Photo Credit: Maria Jose Duran
“There is only one land, one wind, one friendship, [and] one ocean. We don’t want divisions, we want to be part of the same place, people who come together once a year to celebrate,” said Jorge Francisco Castillo, retired librarian and Fandango at the Wall organizer.
Fandango Fronterizo musician Crystal González added, “It’s a risk to even be at Friendship Park and not have documentation status, but people would take that risk and felt like they could be safe here, and we want that safety back, we want people to be able to use the park to see each other.”
“I’m worried we won’t be able to continue with this tradition,” expressed Ernesto Orozco, who has been attending Fandango Fronterizo for 10 years. “I’m here to say no to the wall because we have created a friendship and a space without borders.”
After halting construction of the border wall on his first day in office, President Biden’s administration decided to continue with the 0.3-mile replacement of the border fence at Friendship Park. Amid public outcry, a public comment period opened September 2022. According to the report CBP produced of the process, of a total of 740 commenters, two people expressed support for the project. The rest were against it.

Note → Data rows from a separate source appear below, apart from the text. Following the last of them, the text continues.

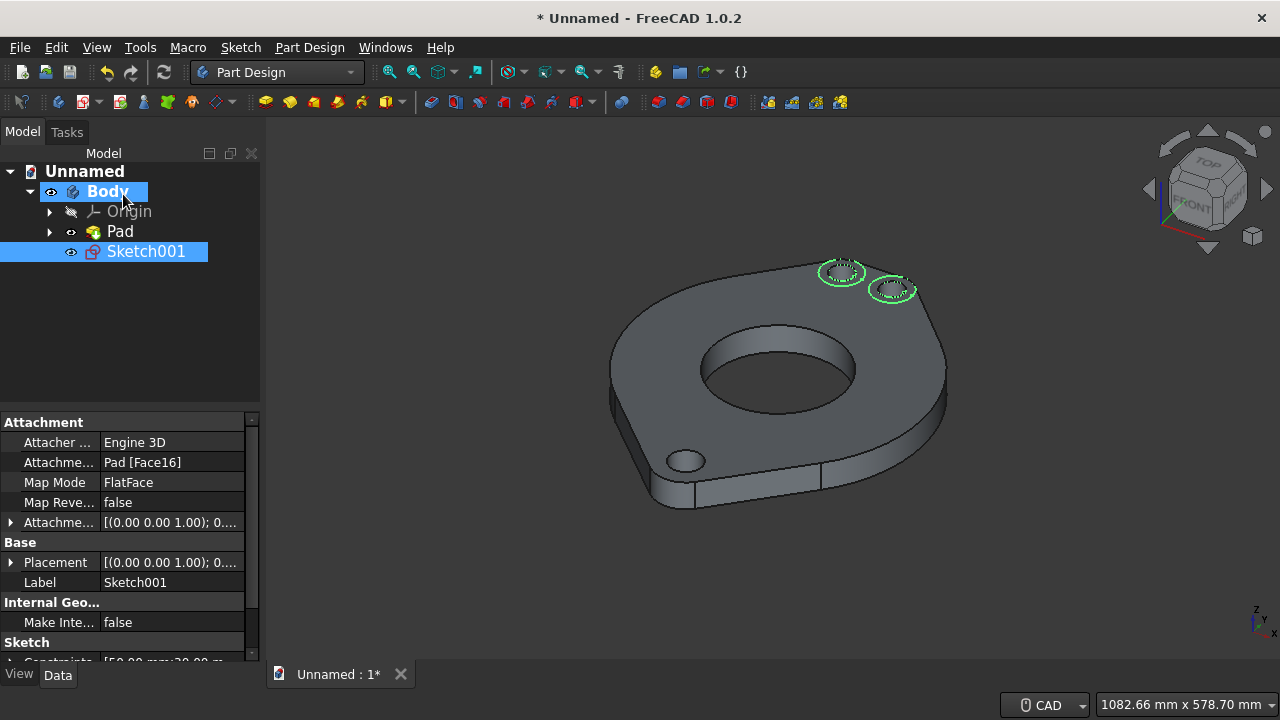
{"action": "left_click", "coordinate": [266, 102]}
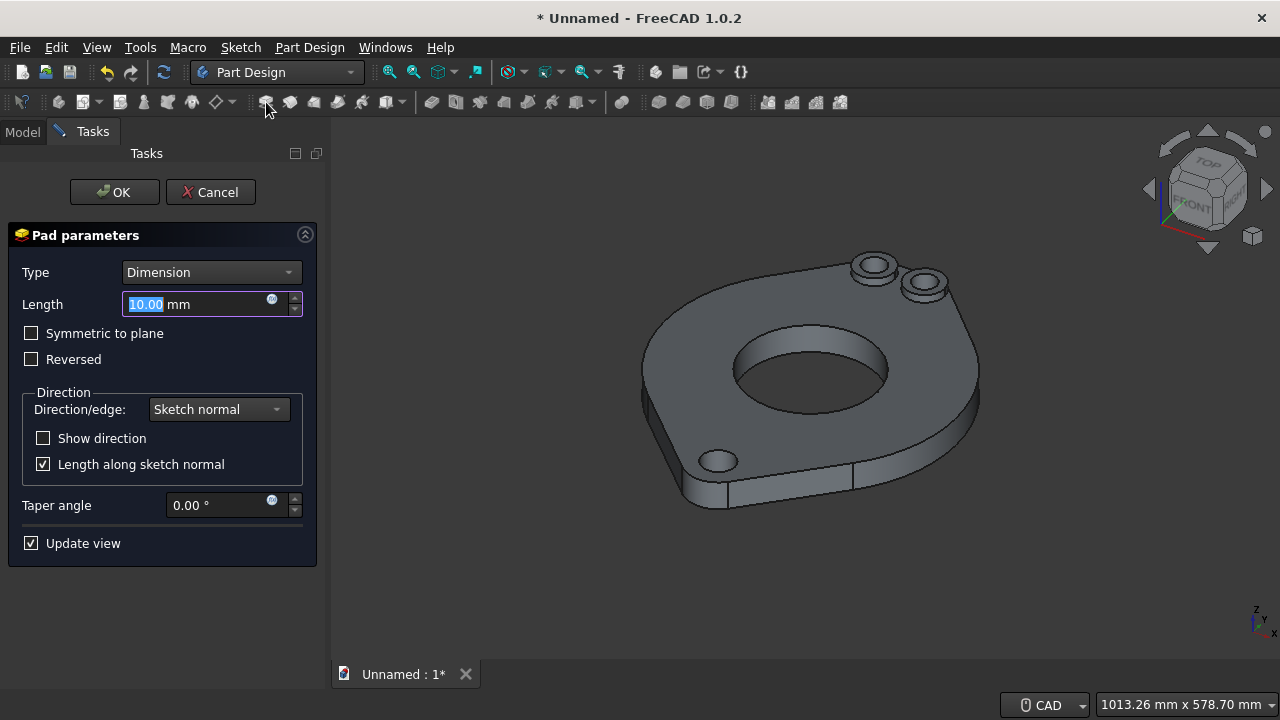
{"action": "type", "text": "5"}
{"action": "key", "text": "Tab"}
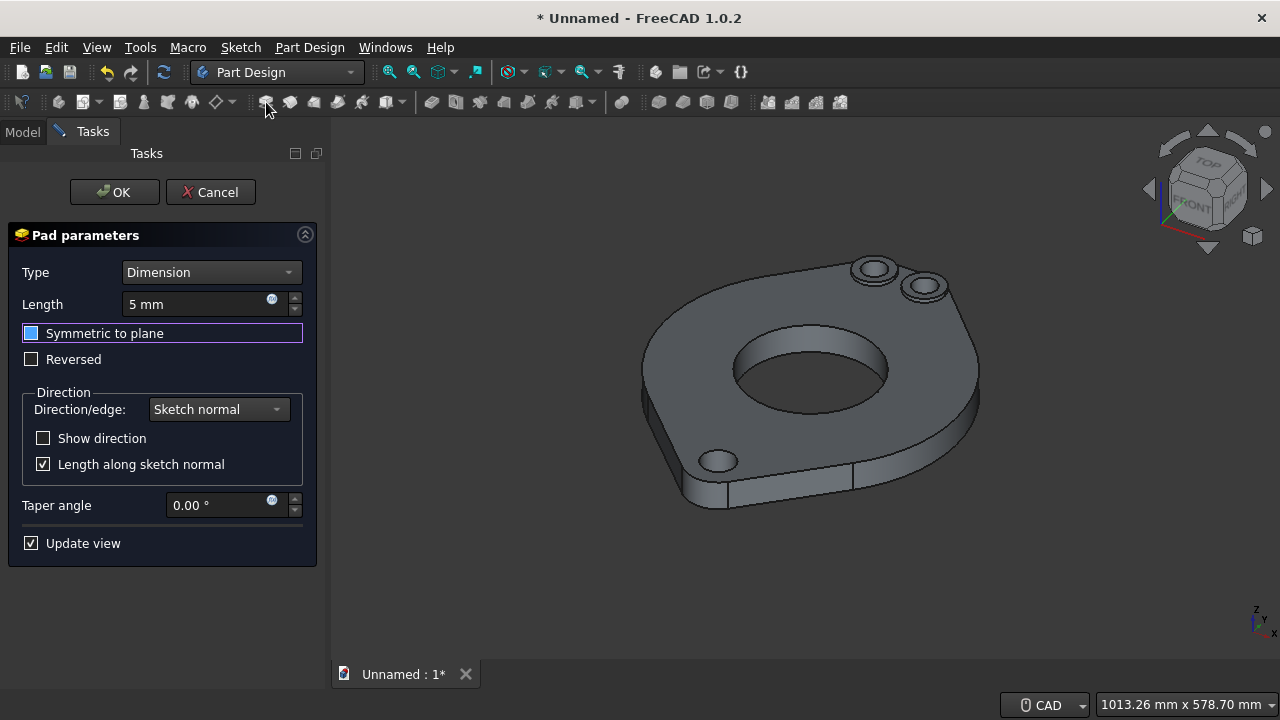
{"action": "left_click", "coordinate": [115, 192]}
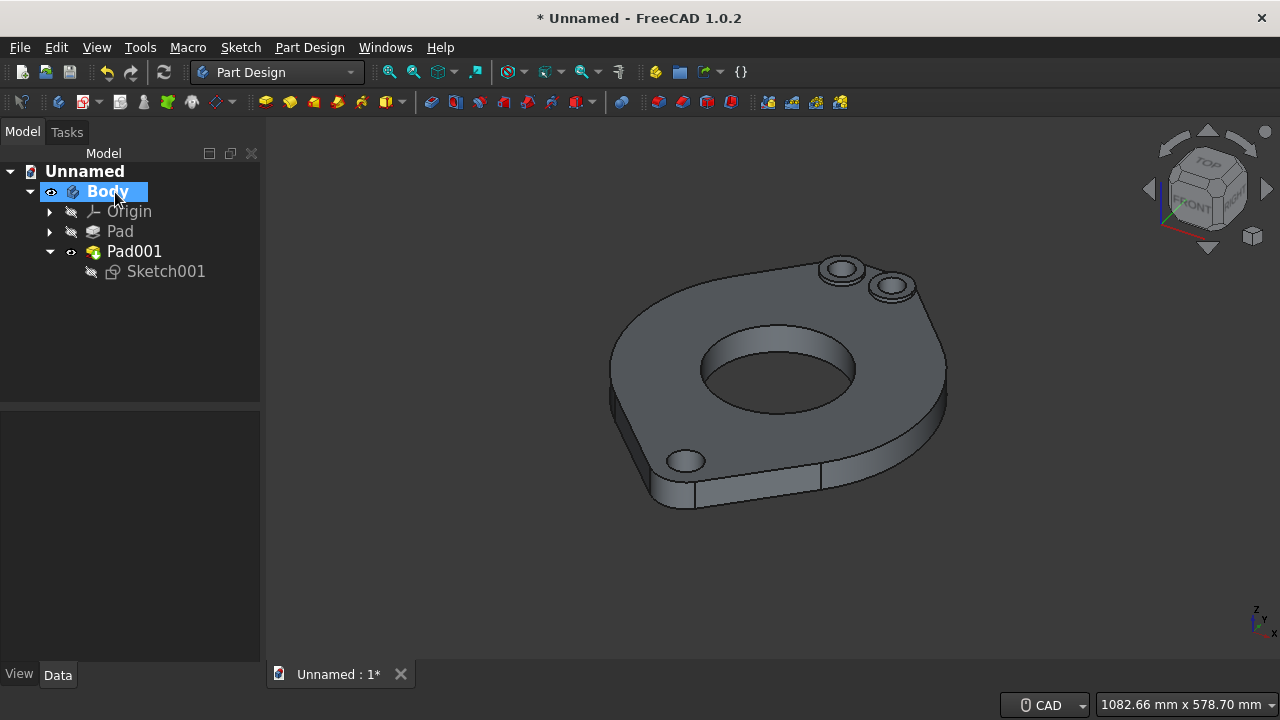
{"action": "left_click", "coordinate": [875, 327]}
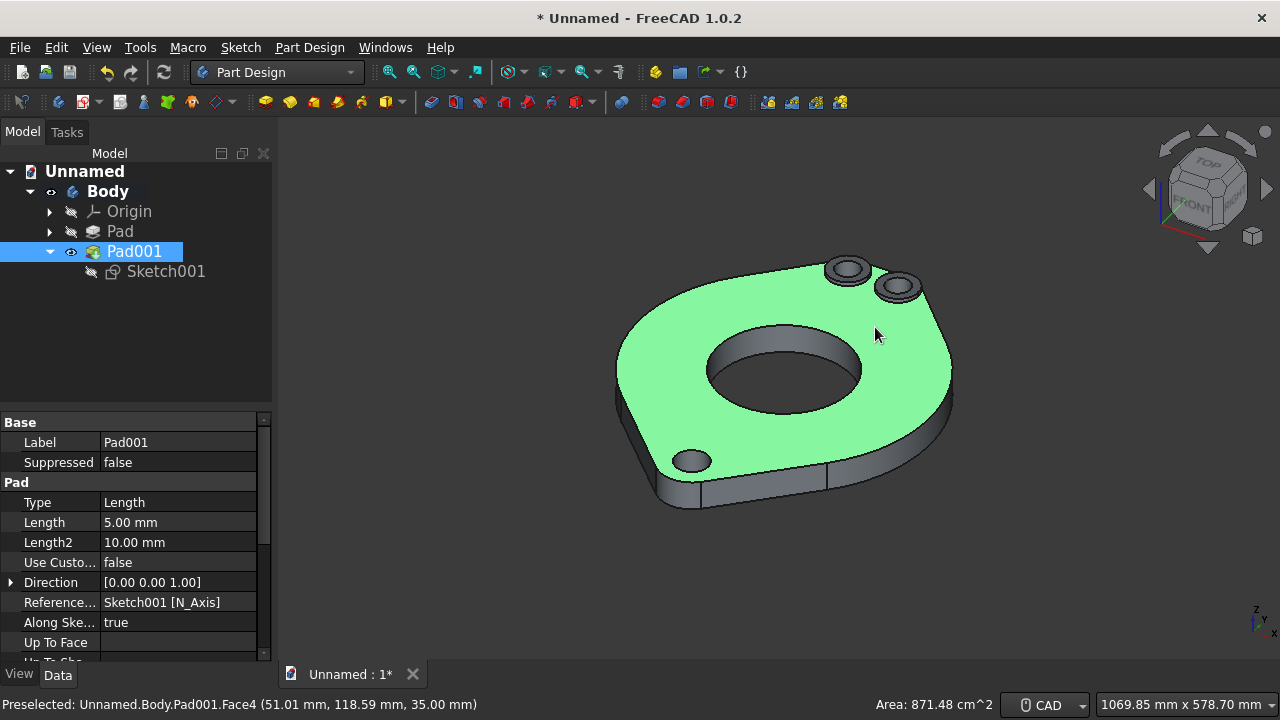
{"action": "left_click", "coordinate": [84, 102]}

“The intent of the public comment period and other engagement with stakeholders was to solicit input on potential impacts […] not to solicit comments as to whether the project should proceed,” clarifies the report, which identifies impacts of construction on endangered species, historical and cultural preservation, the binational garden, and access to Friendship Park.
In the latter, U.S. Border Patrol San Diego Sector’s Border Community Liaison committed to “work closely with stakeholders and the community to identify opportunities to provide the public with access to the Park, when it is operationally safe to do so.”
Photo Credit: Maria Jose Duran
“I think it’s tragic that immigration is already so unjust, and now people can’t even interact [at Friendship Park] anymore,” said Bethany Hiser, who attended the march with her two kids (three and five) in tow.
Upon completion of construction, Friendship Park will be open each Saturday and Sunday for four hours each day, for a maximum of 25 visitors, according to CBP.
As the march nears the border wall, the tone of the music changes from festive to lamentation. When it arrives at the border, activists meet with friends on the other side of the wall. On the U.S. side, marchers yell “parque sí [yes to the park],” and on the Mexican side they respond, “muro no [no to the wall].”
“Some things are legal but they are not moral,” said Dr. Stan Rodriguez, member of the Kumeyaay Santa Ysabel Band at the event. He added that the border wall divides the Kumeyaay people of California and Baja California and sits on sacred burial grounds. “You don’t see this on the Canadian border, why did they do it here?”